El arte conceptual y la fotografía

¿Qué es y qué no es el arte? ¿Es más importante la idea o la ejecución de un artista? Estas, y muchas otras preguntas, forman parte del arte conceptual. Revisamos esta revolución artística y su aplicación en la fotografía. 

Por Óscar Colorado Nates*

Marcel Duchamp

Las peripecias de un cubista en apuros o “de lo que es y no es o debería ser pero no es o es arte” y otras vicisitudes

Marcel Duchamp era hacia 1917, al igual que sus dos hermanos, un pintor que experimentaba con el cubismo como una forma de representación alternativa de la realidad.

Este estilo era por sí mismo un cierto escándalo pues proponía como sujeto a los objetos de uso cotidiano. Por otra parte cuestiona la representación y cómo conocemos lo que conocemos en un discurso claramente enfocado hacia la epistemología. Por otra parte el cubismo era en una disrupción en las expectativas del espectador y finalmente fusiona la vida de la calle con la herética condición del estudio artístico. [1]

El escándalo del desnudo

Marcel Duchamp. Nu descendant un escalier. 1917

A pesar de rodearse de una comunidad de artistas de vanguardia, cuando mostró su “Nu descendant un escalier” para la exposición Salon des Indépendants en París obtuvo una respuesta que jamás se habría imaginado: Albert Gleize le pidió que retirara la pintura o le quitara el nombre. Se decía que el título era demasiado literal y que un desnudo nunca desciende de la escalera: un desnudo se reclina.
Nadie tuvo mayor problema con la pintura por sí misma, pero la exigencia en la sustitución de la denominación era tajante. Los argumentos le parecieron a Duchamp ridículos.

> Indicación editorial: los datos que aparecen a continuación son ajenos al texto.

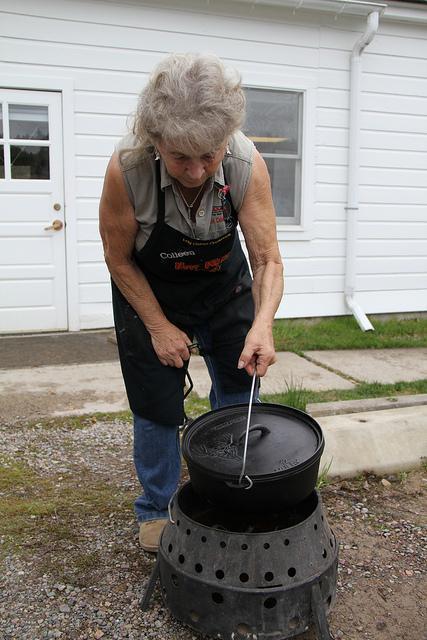How many levels doe the bus have?
Give a very brief answer. 0.

El artista se indignó ante unas críticas que le sonaron a un academicismo atrofiado y extemporáneo. ¿Y quién debía decirle qué nombre ponerle a su obra? ¿Quién se puede abrogar el carácter de autoridad en materia de arte? ¿Cómo pueden tratar de alterar la intención de un artista? Y además con argumentos tan pueriles…

Duchamp, en su alteración, comprendió que el arte era mucho más que pintura sobre un lienzo o una pieza de mármol golepada con un cincel: el arte estaba en la mente, no tanto en el ojo como se había pensado. El discurso artístico debía partir de una operación intelectual y si de paso resultaba estética qué bueno, pero esto no debía ser, de modo alguno, un imperativo. El arte tiene muchas funciones y puede ser bello, pero no tiene que ser bello. El goce es una mera posibilidad entre los muchos resultados que puede perseguir un artista.

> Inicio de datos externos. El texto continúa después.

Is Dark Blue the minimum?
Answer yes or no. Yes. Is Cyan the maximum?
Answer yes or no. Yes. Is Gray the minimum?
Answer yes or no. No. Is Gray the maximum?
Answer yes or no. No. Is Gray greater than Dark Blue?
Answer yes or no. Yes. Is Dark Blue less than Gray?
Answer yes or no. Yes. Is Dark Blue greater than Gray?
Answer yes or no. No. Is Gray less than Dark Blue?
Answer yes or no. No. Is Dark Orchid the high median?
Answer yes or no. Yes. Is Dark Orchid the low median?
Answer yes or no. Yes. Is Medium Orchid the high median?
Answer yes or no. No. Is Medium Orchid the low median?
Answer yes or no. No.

El gran debate: ¿Qué es arte y qué no?

Por otra parte, Duchamp iniciaba un gran debate: ¿Quién tiene el derecho de decir qué es arte y qué no? ¿Los curadores y autoridades de un museo? ¿Los burócratas del arte? ¿Y por qué no los artistas? ¿Acaso el museo no era una nueva forma de dogmatismo donde se elevaban las supuestas piezas de arte al altar convirtiéndolas en sagradas? ¿No era esta una forma de fetichismo? ¿Por qué debía un artista atenerse a la opinión de los “informados”? ¿Era indispensable que una obra de arte apareciera en una sala de museo (¿sala de mazmorra?) para ser convalidada? ¿No era esta una actitud totalitarista totalmente contraria al espíritu artístico?

Armado con esta metralla de pensamientos, Duchamp trazó un plan: decidió participar en la exposición organizada por la Society of Independent Artists en Nueva York pues el único requisito para participar era pagar la cuota de entrada. En tal caso, se suponía que podría participar con cualquier obra de arte. Como él mismo era miembro del board of directors decidió participar de manera anónima para, además, poder presenciar el espectáculo en primera fila.

Duchamp presentó un urinal industrial, lo firmó con el nombre “R. Mutt”. Cuando llegó la obra para su registro se armó, evidentemente, un gran lío.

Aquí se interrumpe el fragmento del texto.